Identity Crisis In Dangarembga’s Nervous Conditions: A Post -Colonial Perspective
Abstract
The impact of colonizers on the colonized societies and people has been widespread and multi-dimensional. The present paper critically deals with the issue of identity crisis as faced by the natives of Rhodesia when they were colonized by the British colonizers. The text under study is a postcolonial novel Nervous Conditions (1988) written by a black Zimbabwean woman, Tsitsi Dangarembga. Rutherford’s (1990) idea of colonizer /colonized and Ashcroft’s (2002) idea of place/displacement are utilized to deal with the issue of identity crisis in the selected work. The ideas of mimicry, assimilation, and ambivalence by Bhaba (1994) are also utilized where needed to probe deeply into the dilemma of identity crisis.
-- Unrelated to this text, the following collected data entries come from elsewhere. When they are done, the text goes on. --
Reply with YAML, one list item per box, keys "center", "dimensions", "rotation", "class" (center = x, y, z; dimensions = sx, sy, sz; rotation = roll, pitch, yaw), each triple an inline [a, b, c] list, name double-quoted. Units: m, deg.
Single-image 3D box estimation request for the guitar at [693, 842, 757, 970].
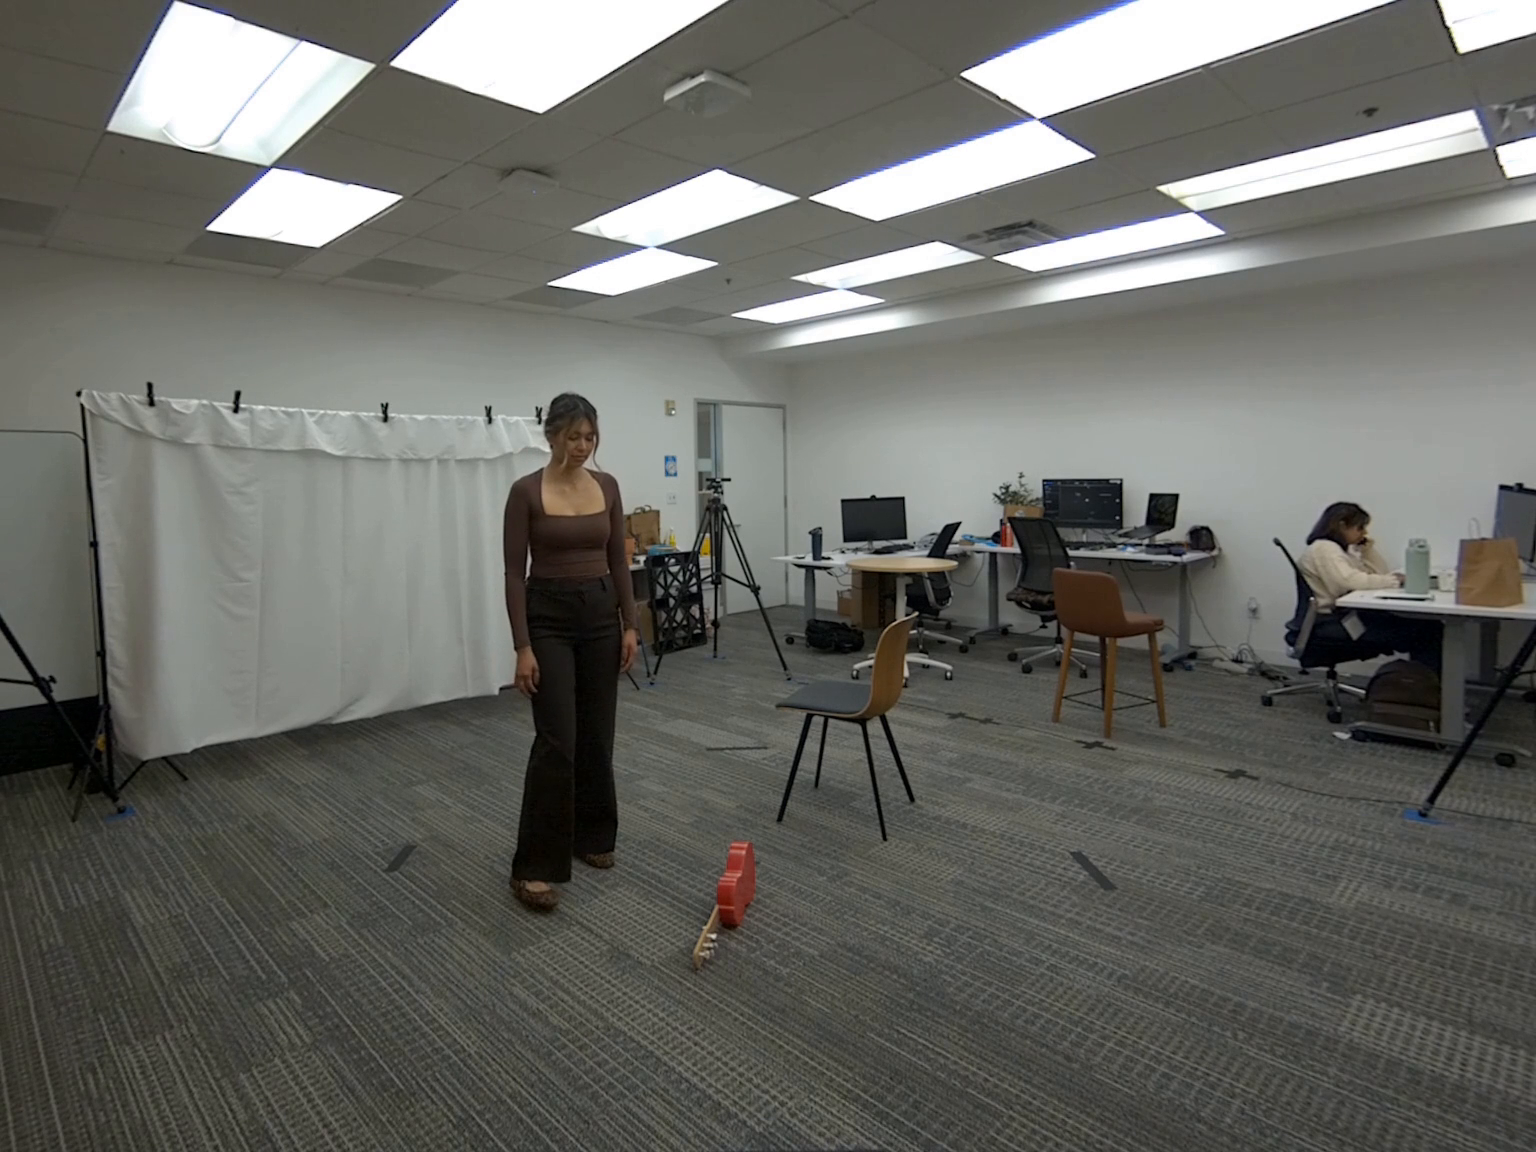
- center: [-0.124, 1.055, 2.663]
  dimensions: [0.072, 0.189, 0.501]
  rotation: [0, 24, 14]
  class: "guitar"
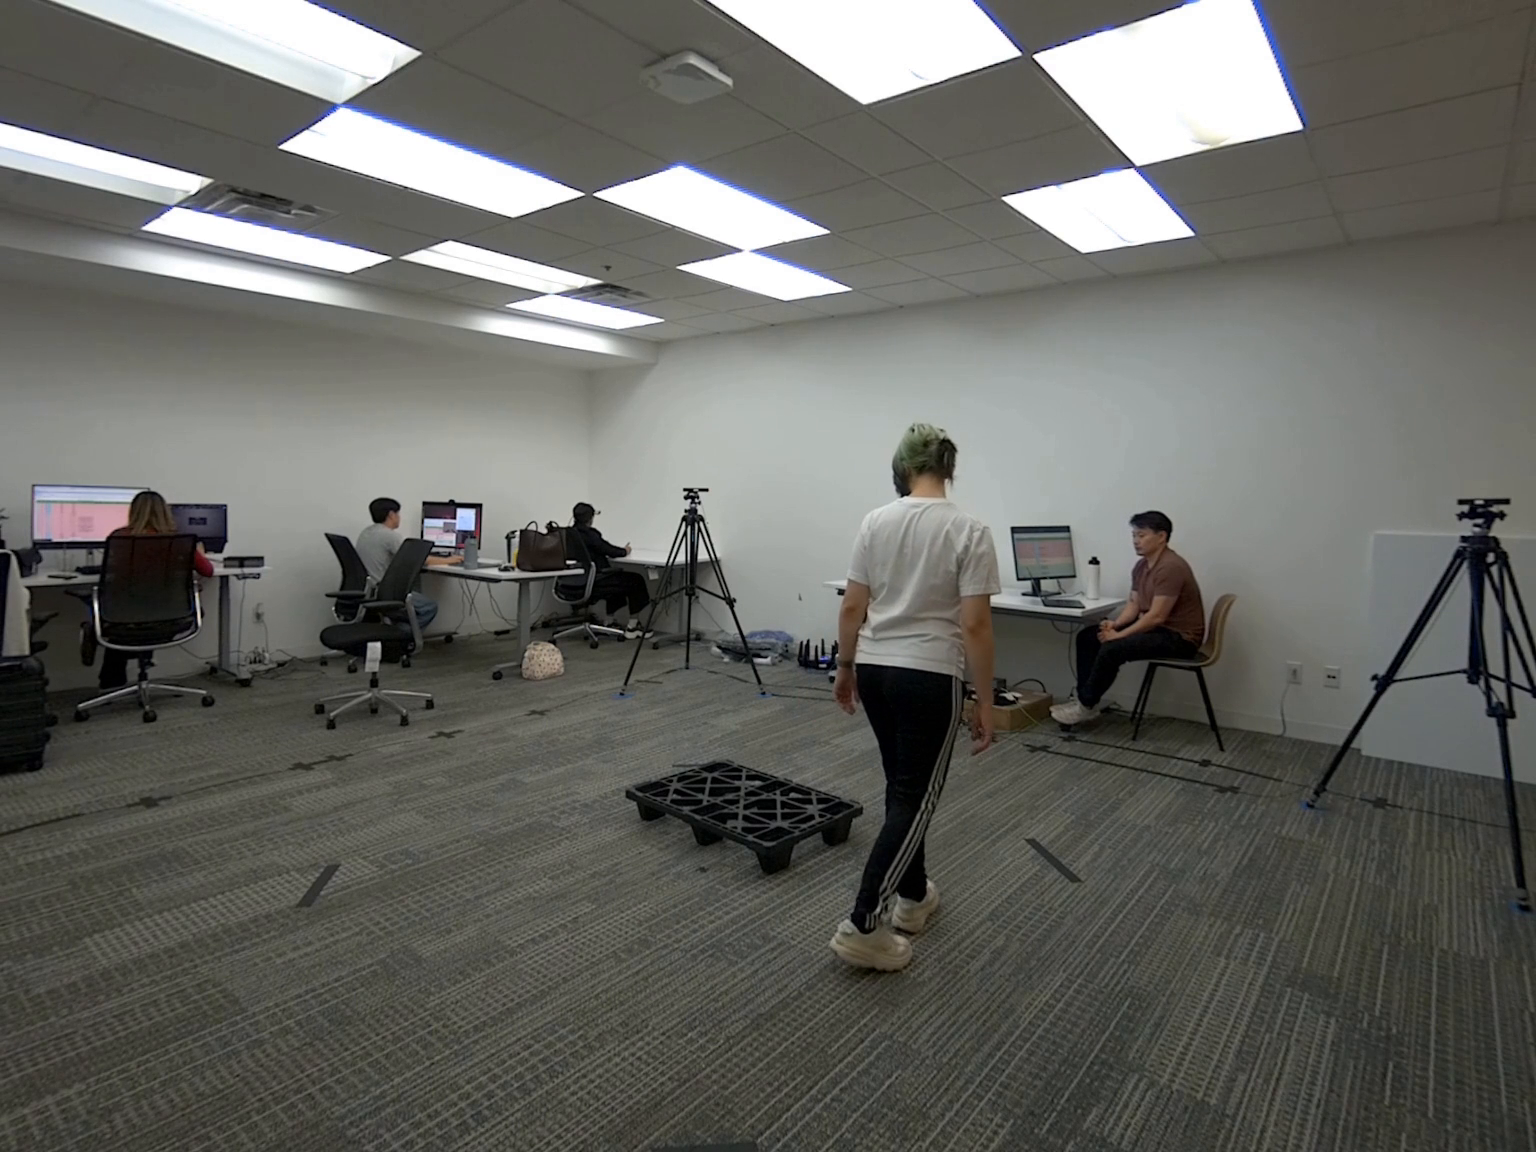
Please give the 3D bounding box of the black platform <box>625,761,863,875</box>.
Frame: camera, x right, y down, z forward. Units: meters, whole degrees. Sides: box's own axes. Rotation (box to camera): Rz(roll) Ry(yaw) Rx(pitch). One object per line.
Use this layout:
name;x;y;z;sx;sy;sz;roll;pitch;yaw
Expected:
black platform;-0.117;0.968;3.494;0.833;0.143;0.587;6;7;42
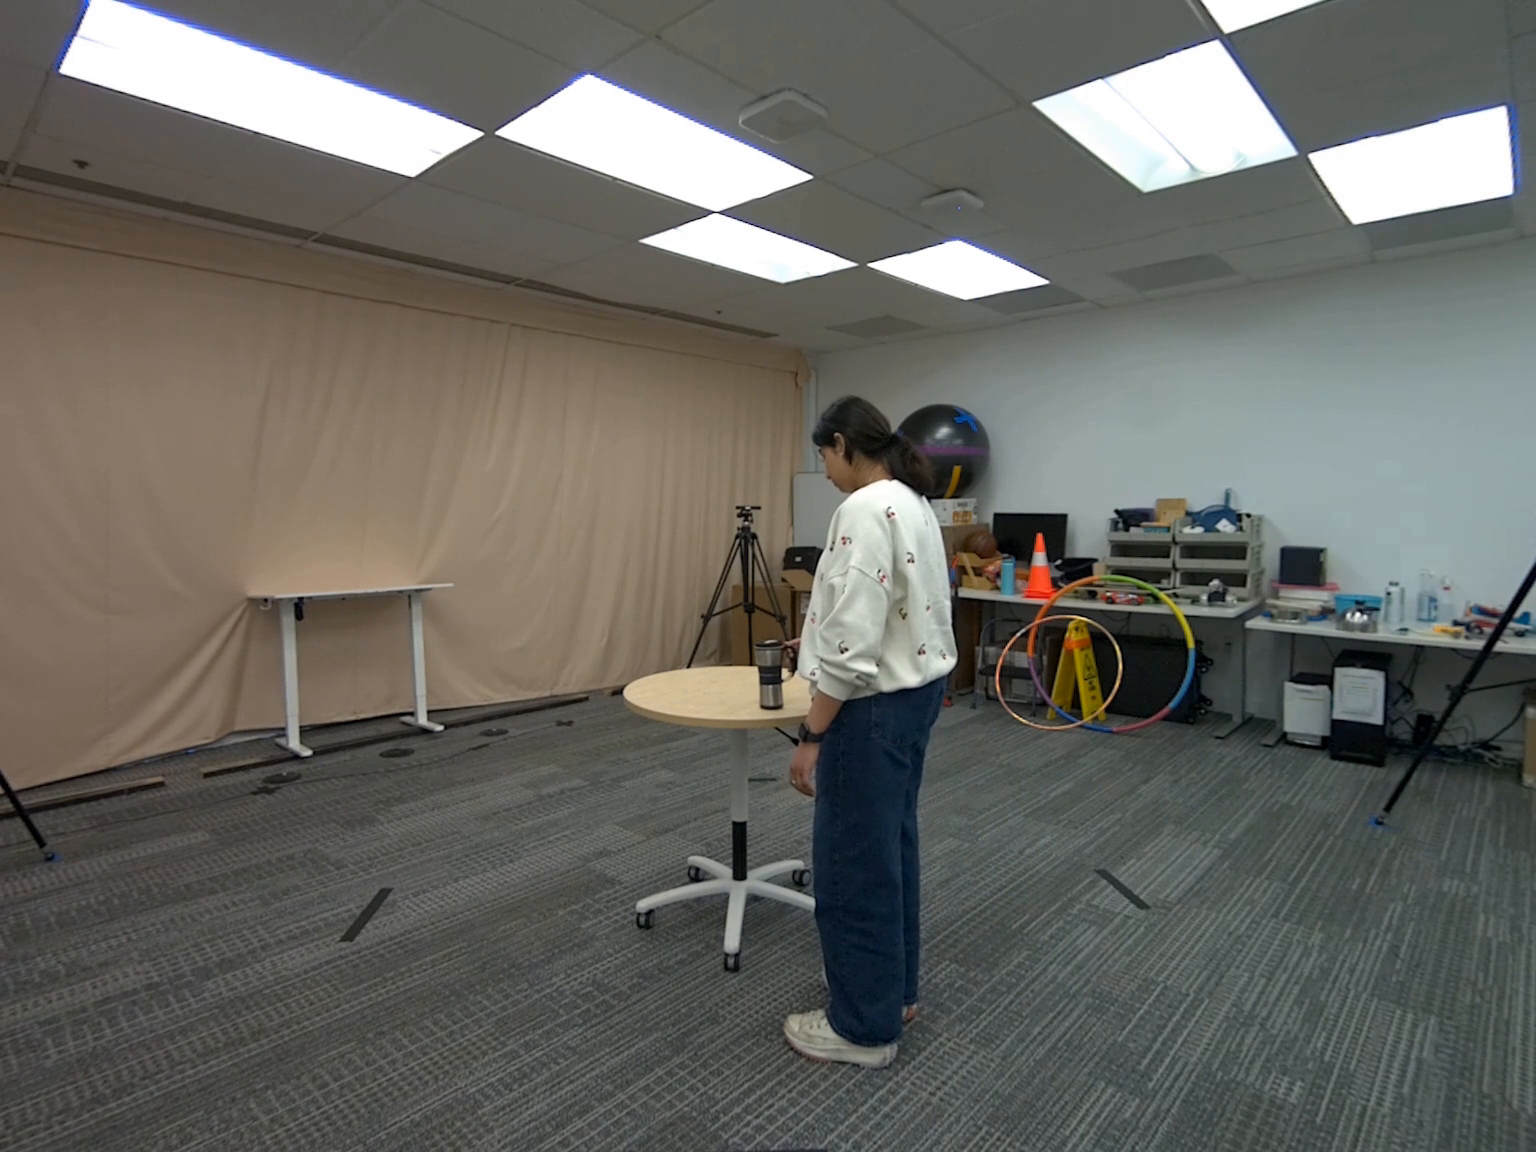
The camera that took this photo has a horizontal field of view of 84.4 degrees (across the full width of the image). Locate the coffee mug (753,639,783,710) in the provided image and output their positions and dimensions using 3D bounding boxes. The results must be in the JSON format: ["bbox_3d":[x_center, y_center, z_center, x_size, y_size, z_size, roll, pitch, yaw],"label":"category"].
[{"bbox_3d":[0.029,0.303,2.534,0.085,0.203,0.126,1,-1,-42],"label":"coffee mug"}]
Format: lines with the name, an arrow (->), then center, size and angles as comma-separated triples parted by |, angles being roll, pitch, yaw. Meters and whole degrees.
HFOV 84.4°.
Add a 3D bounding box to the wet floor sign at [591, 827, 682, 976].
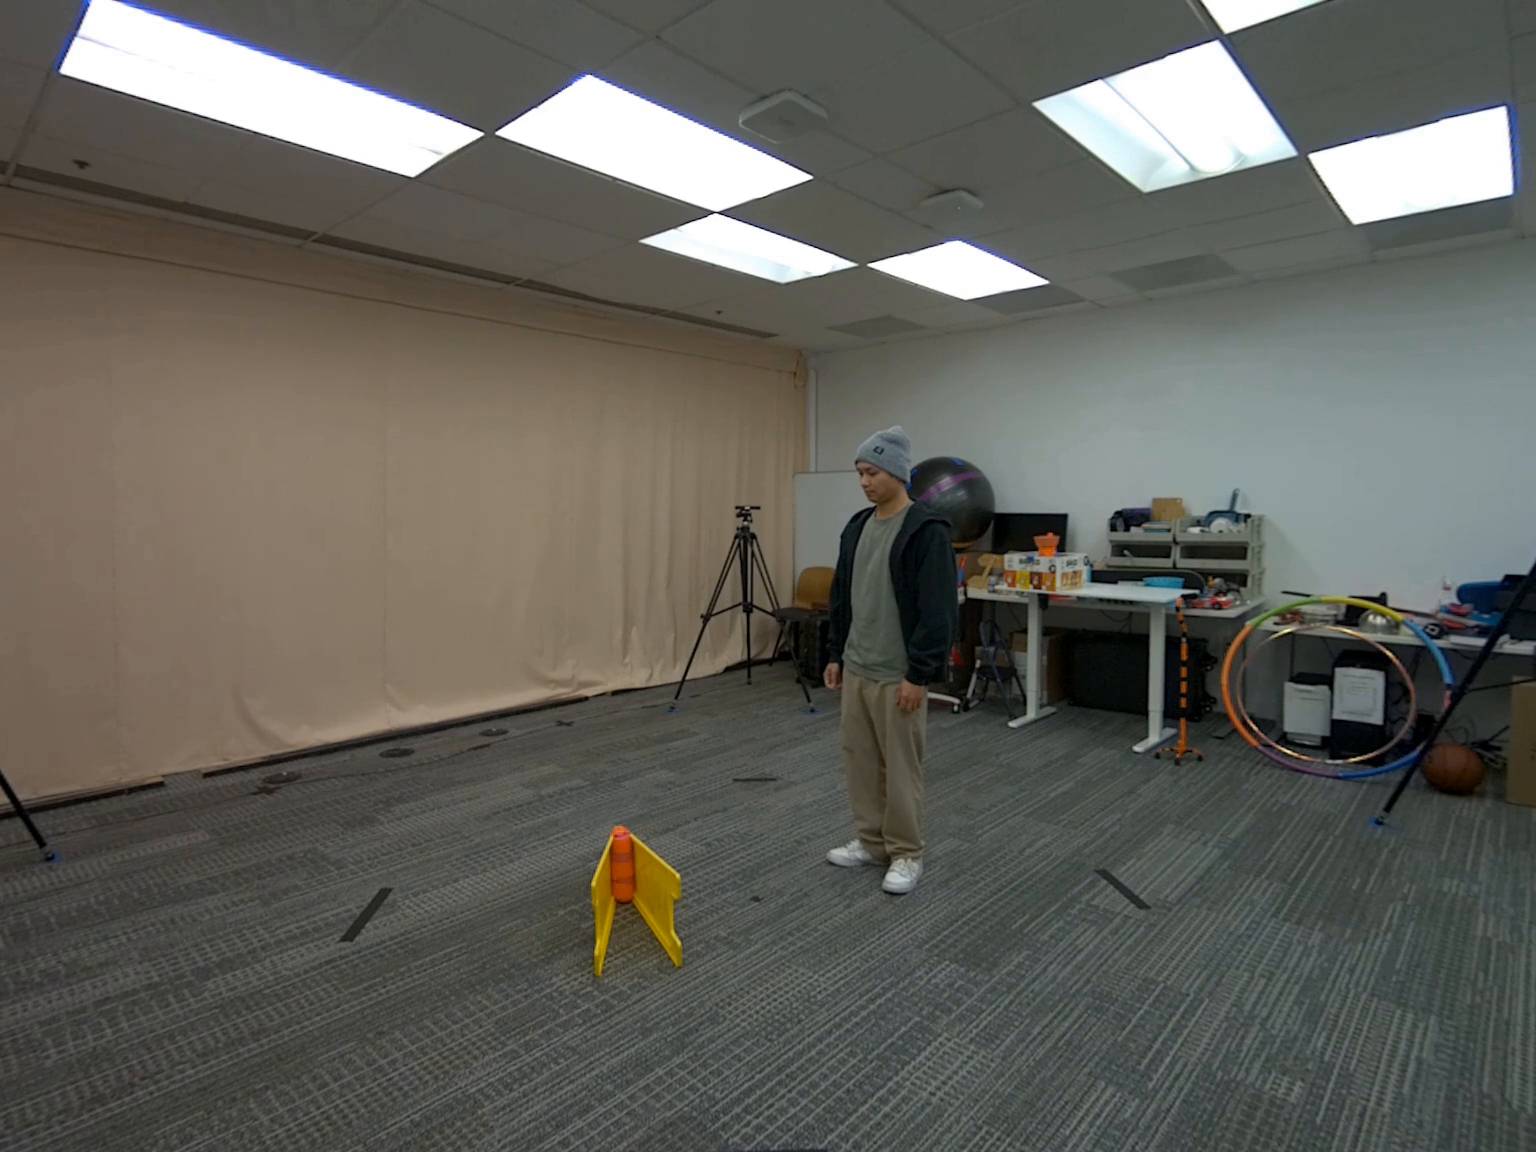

The novel under consideration is a postcolonial novel giving a description of how colonized native community suffers when it is colonized. The period shown in the novel is that of the 1960s. The present study is delimited to an analysis of only two young female colonized characters, Tambudzai and Nyasha. Nyasha is shown to be a sufferer of this identity crisis while Tambu is saved from becoming a victim of this crisis, though she idealizes the West in the beginning. It is mostly through these two characters that the writer speaks of identity crisis as a threat to natives. The researchers have found that Dangarembga (1988) has condemned colonialism for its disastrous effects on the colonized with a special reference to identity crisis of the natives.